This approach of decontextualizing behaviors often results in referrals to mental health clinics.  Poor children’s seemingly impulsive, “emotionally dysregulated”, hyper-activities are seen as symptoms to be targeted with medications and other psychological interventions.  The medical model myopia of focusing on “what’s wrong?” rather than “what’s happening?” is applied all too often.  Schools frequently identify poor children as “Severely Emotionally Disturbed” (SED), at-risk and in need of treatment, but pay scant attention to the social conditions that are causing the disturbances.

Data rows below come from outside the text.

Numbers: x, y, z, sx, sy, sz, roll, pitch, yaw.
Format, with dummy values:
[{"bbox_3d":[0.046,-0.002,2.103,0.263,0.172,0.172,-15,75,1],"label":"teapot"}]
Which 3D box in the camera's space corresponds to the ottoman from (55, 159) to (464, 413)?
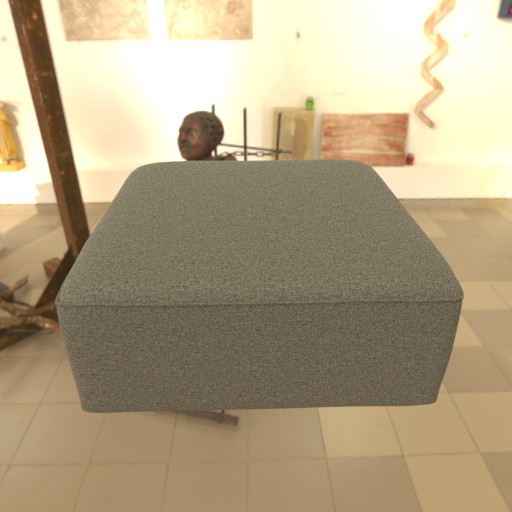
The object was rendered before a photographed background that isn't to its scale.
[{"bbox_3d":[0.000,0.000,1.565,1.005,0.464,1.015,-1,30,-2],"label":"ottoman"}]
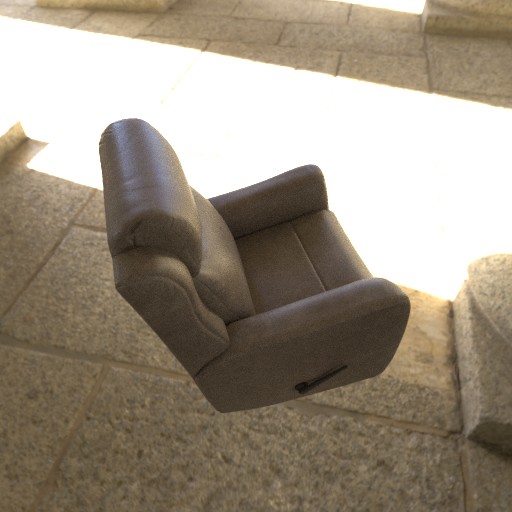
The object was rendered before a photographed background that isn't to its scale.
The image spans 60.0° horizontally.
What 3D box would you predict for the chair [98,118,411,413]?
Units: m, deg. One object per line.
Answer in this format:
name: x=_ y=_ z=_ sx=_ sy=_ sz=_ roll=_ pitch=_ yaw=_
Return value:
chair: x=0.000 y=0.000 z=1.907 sx=1.068 sy=1.116 sz=0.967 roll=-12 pitch=47 yaw=-11
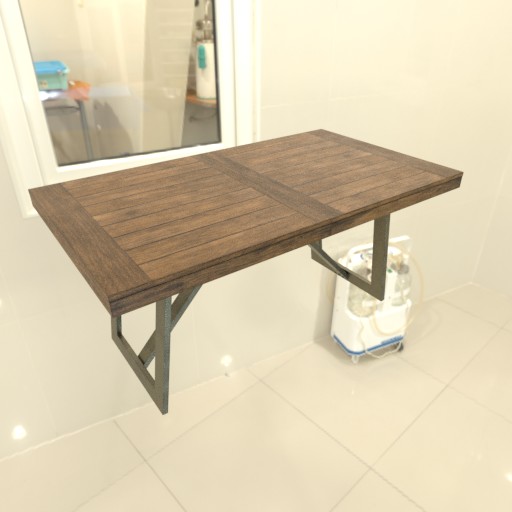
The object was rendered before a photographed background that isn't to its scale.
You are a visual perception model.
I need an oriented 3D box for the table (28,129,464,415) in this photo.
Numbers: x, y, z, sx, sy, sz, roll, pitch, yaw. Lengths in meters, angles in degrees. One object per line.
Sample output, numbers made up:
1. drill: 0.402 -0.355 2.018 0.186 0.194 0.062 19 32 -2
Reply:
1. table: 0.000 0.000 2.103 1.641 0.757 0.931 -20 36 -30
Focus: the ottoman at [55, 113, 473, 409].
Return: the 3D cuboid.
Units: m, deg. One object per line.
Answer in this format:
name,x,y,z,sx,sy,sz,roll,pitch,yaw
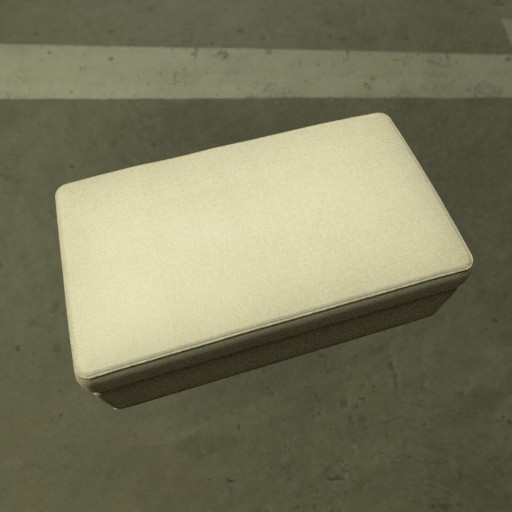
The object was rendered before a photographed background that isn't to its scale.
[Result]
ottoman,0.000,0.000,1.416,1.097,0.461,0.617,-15,63,-8
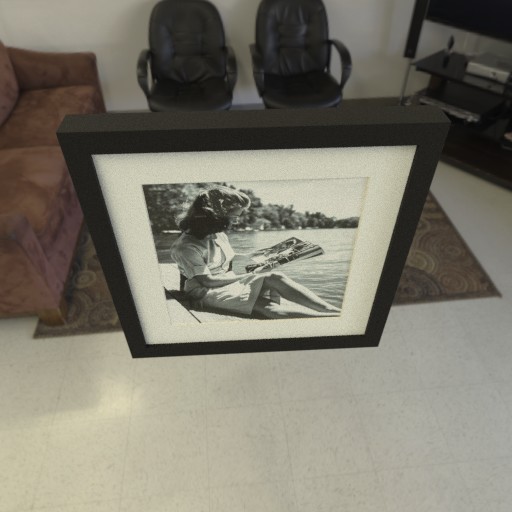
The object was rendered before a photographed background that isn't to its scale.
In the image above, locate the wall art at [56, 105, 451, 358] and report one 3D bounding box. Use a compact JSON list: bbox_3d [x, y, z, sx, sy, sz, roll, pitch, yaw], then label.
[{"bbox_3d":[0.000,0.000,0.460,0.308,0.305,0.030,-2,44,-2],"label":"wall art"}]
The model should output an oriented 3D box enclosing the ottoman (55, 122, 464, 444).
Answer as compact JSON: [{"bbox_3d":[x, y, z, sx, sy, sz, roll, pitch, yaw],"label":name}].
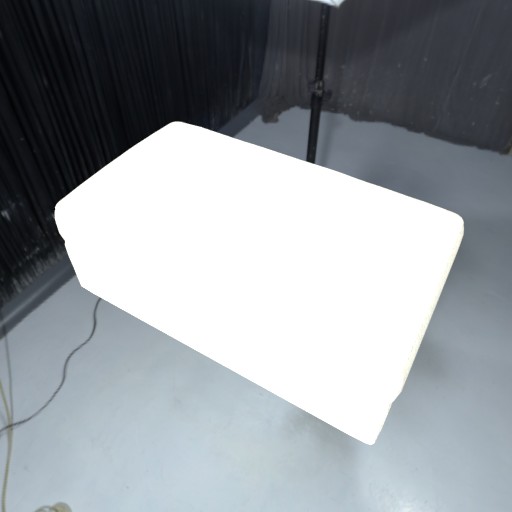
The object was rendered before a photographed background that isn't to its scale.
[{"bbox_3d":[0.000,0.000,1.431,1.097,0.448,0.617,23,51,21],"label":"ottoman"}]
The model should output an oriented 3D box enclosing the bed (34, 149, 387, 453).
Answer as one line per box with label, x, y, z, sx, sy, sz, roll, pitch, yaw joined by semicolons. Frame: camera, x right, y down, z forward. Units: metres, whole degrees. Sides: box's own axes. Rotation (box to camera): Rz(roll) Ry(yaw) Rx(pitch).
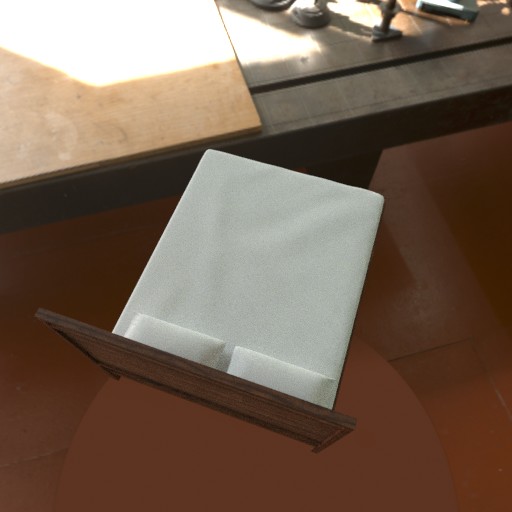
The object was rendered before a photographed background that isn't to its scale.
bed;0.000;0.000;3.398;1.765;1.487;2.218;17;63;9
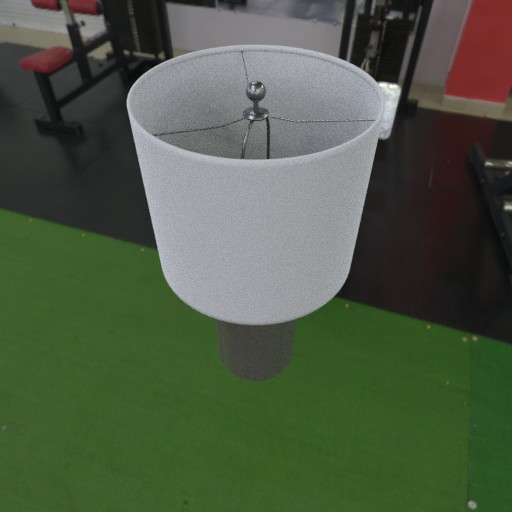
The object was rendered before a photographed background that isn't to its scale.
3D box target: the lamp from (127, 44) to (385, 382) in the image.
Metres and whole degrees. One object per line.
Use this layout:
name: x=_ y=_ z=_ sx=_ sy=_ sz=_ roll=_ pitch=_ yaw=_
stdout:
lamp: x=0.000 y=0.000 z=0.487 sx=0.203 sy=0.389 sz=0.203 roll=16 pitch=47 yaw=15
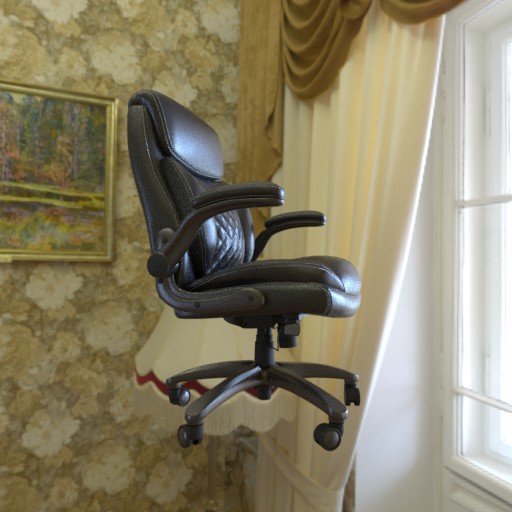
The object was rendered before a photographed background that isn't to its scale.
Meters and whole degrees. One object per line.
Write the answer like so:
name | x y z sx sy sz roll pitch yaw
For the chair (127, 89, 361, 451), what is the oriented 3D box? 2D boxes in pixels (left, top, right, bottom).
chair | 0.000 0.000 1.575 0.724 1.110 0.782 0 -1 18
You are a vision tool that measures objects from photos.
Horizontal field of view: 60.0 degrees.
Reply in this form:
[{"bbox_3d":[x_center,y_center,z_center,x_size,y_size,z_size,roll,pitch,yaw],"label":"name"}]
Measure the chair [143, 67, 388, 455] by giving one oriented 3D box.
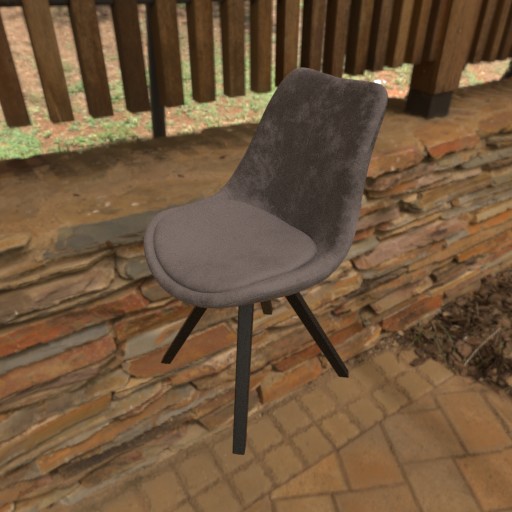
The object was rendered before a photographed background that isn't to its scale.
[{"bbox_3d":[0.000,0.000,1.179,0.550,0.850,0.485,-23,39,-31],"label":"chair"}]
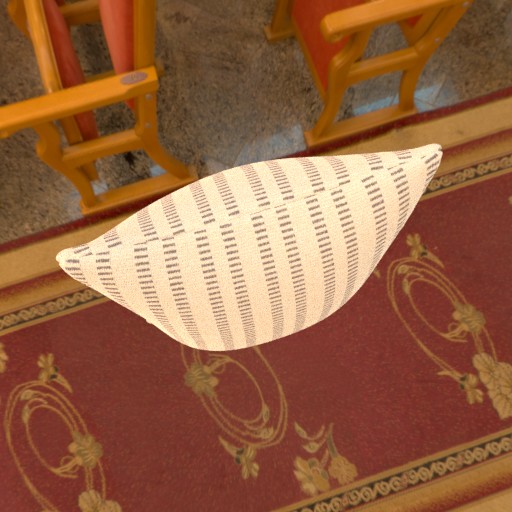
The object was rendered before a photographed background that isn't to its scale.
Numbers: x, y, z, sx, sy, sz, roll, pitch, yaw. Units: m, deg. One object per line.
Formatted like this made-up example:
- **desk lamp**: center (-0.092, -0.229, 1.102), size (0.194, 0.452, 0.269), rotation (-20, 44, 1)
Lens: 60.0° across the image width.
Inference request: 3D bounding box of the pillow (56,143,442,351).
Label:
- **pillow**: center (0.000, 0.000, 0.668), size (0.438, 0.419, 0.247), rotation (-17, 75, -5)
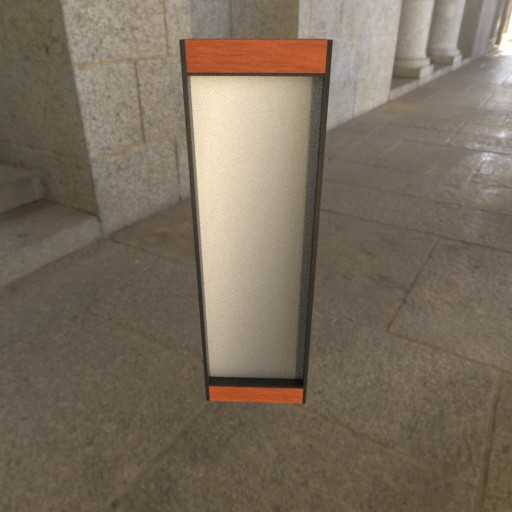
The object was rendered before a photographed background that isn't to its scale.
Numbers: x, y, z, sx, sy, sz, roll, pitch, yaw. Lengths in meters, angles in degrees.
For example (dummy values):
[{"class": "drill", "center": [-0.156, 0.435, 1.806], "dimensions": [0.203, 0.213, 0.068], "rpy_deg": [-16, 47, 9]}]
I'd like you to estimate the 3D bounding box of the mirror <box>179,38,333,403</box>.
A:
[{"class": "mirror", "center": [0.000, 0.000, 1.275], "dimensions": [0.343, 1.123, 0.047], "rpy_deg": [1, 29, 2]}]
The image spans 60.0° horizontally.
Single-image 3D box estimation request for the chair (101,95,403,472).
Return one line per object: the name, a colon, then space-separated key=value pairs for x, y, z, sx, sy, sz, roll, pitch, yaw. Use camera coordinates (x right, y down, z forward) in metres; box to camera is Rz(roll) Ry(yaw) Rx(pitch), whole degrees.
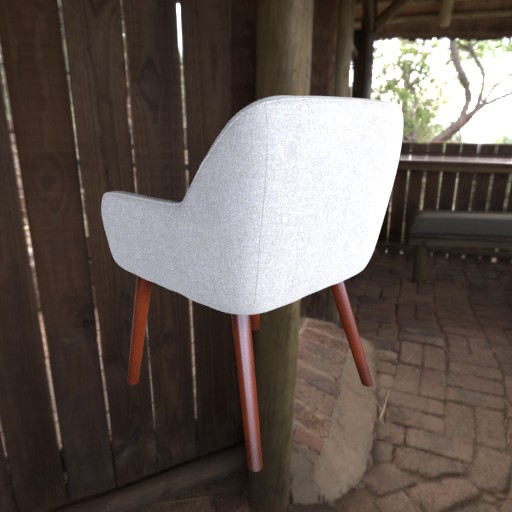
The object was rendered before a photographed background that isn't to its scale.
chair: x=0.000 y=0.000 z=1.234 sx=0.610 sy=0.813 sz=0.610 roll=-16 pitch=23 yaw=-42
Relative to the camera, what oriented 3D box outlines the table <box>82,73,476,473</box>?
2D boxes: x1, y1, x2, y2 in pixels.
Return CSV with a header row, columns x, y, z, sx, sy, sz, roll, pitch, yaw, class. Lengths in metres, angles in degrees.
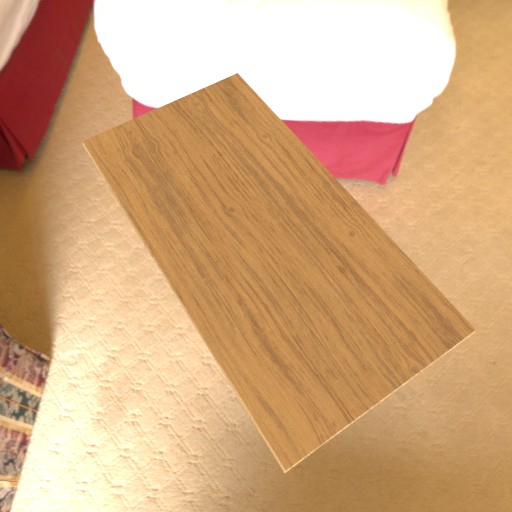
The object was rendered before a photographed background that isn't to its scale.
x,y,z,sx,sy,sz,roll,pitch,yaw,class
0.000,0.000,1.677,0.693,0.445,1.331,-30,66,-15,table
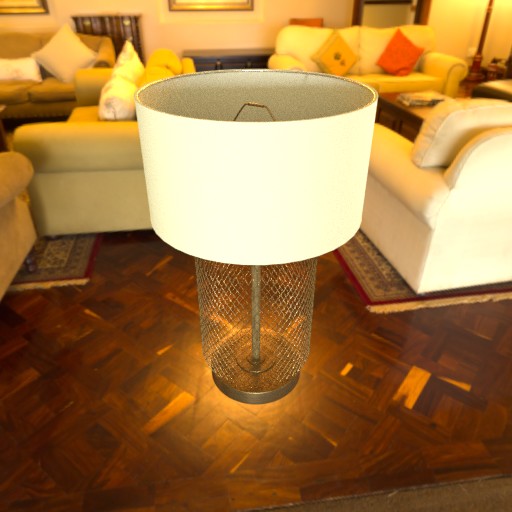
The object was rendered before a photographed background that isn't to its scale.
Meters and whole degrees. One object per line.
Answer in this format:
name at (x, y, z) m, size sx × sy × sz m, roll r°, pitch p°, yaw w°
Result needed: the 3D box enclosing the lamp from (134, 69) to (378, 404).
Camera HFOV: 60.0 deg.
lamp at (0.000, 0.000, 0.807) m, size 0.353 × 0.578 × 0.353 m, roll 0°, pitch 32°, yaw 0°
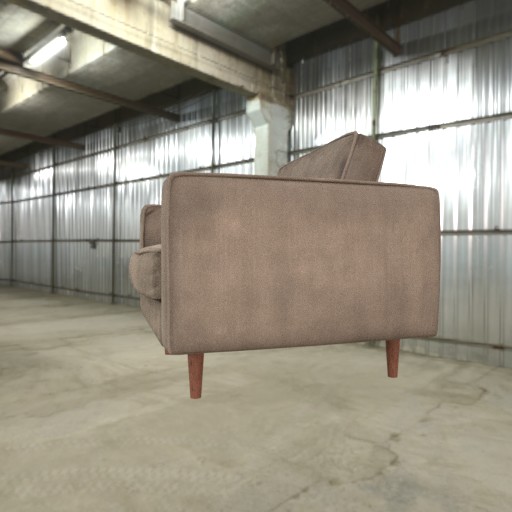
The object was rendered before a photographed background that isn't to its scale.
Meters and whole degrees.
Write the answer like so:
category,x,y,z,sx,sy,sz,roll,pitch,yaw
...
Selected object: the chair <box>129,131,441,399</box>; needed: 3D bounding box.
category,x,y,z,sx,sy,sz,roll,pitch,yaw
chair,0.000,0.000,1.566,0.843,0.773,0.928,0,0,-19
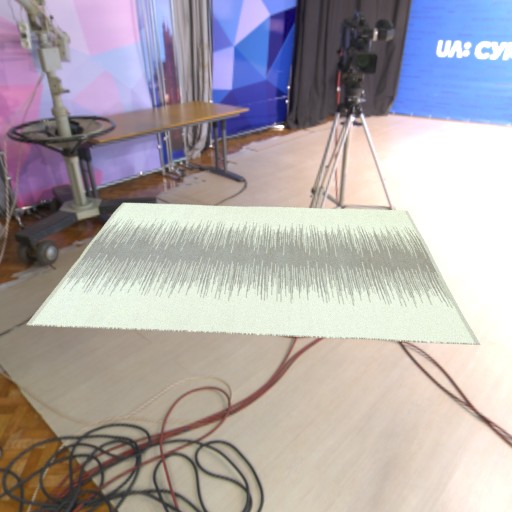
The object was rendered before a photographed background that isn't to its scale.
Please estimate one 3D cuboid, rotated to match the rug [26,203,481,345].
[{"bbox_3d":[0.000,0.000,2.278,1.815,0.007,1.226,2,31,3],"label":"rug"}]
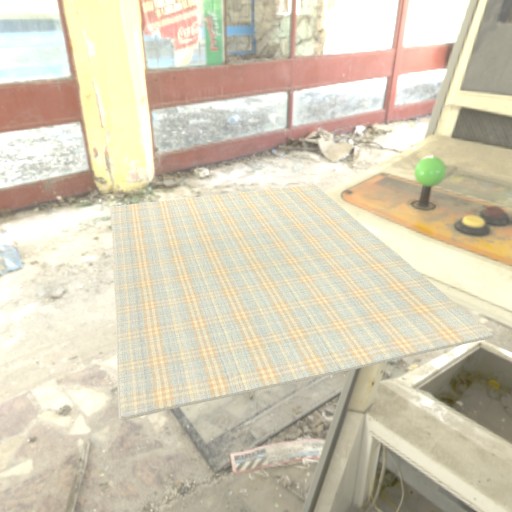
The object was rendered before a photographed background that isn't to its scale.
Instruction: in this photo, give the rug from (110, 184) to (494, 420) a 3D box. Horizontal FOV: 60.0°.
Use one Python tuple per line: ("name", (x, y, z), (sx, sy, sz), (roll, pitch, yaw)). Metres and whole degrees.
("rug", (0.000, 0.000, 3.964), (2.462, 0.030, 3.066), (-8, 31, -15))
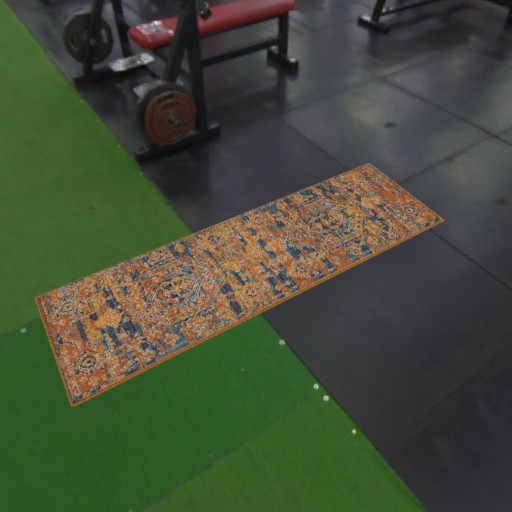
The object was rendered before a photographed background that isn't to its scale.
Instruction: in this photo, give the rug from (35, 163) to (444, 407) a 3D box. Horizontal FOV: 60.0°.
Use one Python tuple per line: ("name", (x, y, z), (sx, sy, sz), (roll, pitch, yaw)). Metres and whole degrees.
("rug", (0.000, 0.000, 2.001), (1.820, 0.013, 0.556), (-24, 52, -21))
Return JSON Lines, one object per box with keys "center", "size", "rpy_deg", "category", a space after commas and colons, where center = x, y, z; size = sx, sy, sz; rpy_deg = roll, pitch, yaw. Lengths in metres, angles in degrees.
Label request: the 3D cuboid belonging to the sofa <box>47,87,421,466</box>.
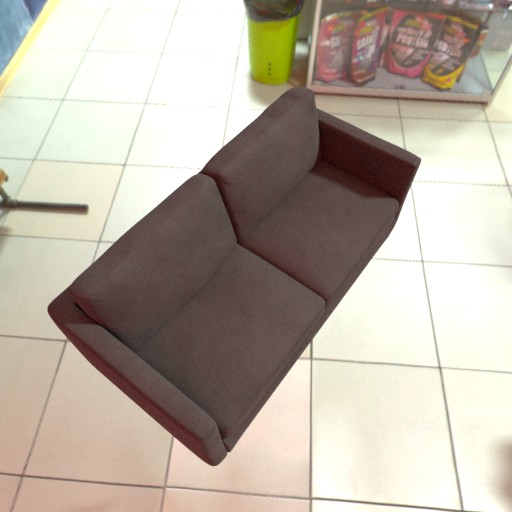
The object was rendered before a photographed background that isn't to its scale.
{"center": [0.000, 0.000, 2.419], "size": [0.950, 0.963, 1.884], "rpy_deg": [32, 62, 19], "category": "sofa"}
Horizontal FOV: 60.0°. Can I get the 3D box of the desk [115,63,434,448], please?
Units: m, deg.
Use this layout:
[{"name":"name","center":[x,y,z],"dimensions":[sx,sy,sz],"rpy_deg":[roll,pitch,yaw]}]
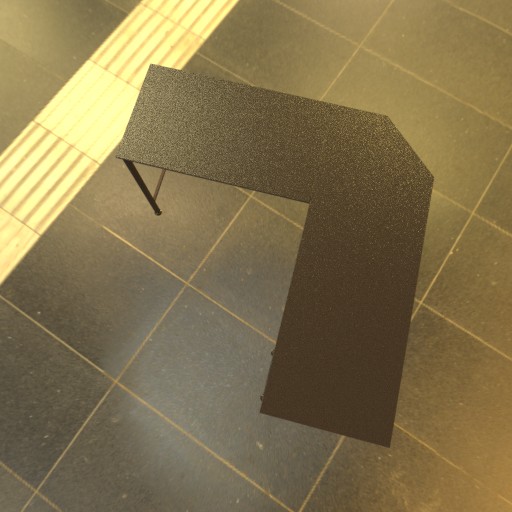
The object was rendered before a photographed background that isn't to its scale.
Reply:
[{"name":"desk","center":[0.000,0.000,2.221],"dimensions":[1.379,0.739,1.379],"rpy_deg":[14,75,4]}]
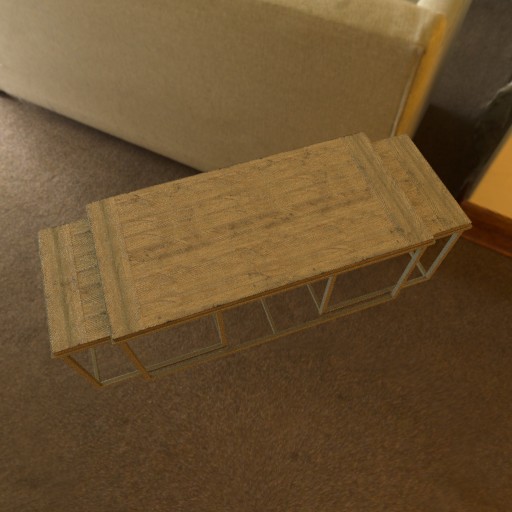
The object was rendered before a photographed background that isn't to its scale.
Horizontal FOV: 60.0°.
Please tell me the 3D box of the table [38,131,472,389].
[{"bbox_3d":[0.000,0.000,1.546,1.312,0.427,0.489,-17,60,-10],"label":"table"}]
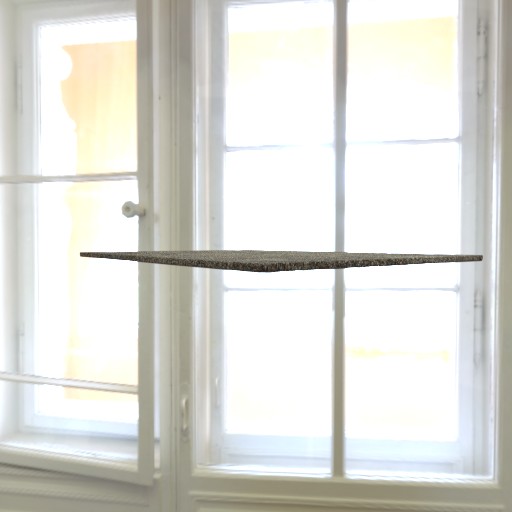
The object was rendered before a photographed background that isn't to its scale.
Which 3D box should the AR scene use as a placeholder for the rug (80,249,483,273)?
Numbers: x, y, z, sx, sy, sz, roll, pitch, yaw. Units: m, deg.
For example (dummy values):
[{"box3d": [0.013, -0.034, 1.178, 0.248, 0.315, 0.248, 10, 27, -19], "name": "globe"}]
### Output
[{"box3d": [0.000, 0.000, 2.143, 1.198, 0.025, 1.601, -1, 2, -38], "name": "rug"}]

Another troubling aspect of this intersection between poverty and public mental health is the dramatic rise in SSI/disability rates.  Robert Whitaker cites this alarming increase in Anatomy; “”Mental illness is now the leading cause of disability in children, with the mentally ill group comprising 50 percent of the total number of children on the SSI rolls in 2007.”  But what is contributing the most to this upsurge; more illness, more exposure to biological psychiatry or more poverty? In 2010, Patricia Wen (Boston Globe) wrote a series of articles about how many impoverished families have turned to SSI as the “new welfare.”  (SSI Program: A Legacy of Unintended Side Effects).  In her articles, Wen describes how several families sought SSI benefits by taking their children to psychiatrists to assess for disabilities.  (ADHD and bipolar were the most common diagnoses.)  One parent was quoted as saying “to get SSI, the child must be on meds.”  It’s a truly disturbing scenario; low income families seeking to establish a reliable income by getting their child diagnosed and “treated” with powerful, brain altering neuroleptics.  Means-tested entitlements would seem far less toxic and present far less risk to poor children than this potential exposure to psychotropics.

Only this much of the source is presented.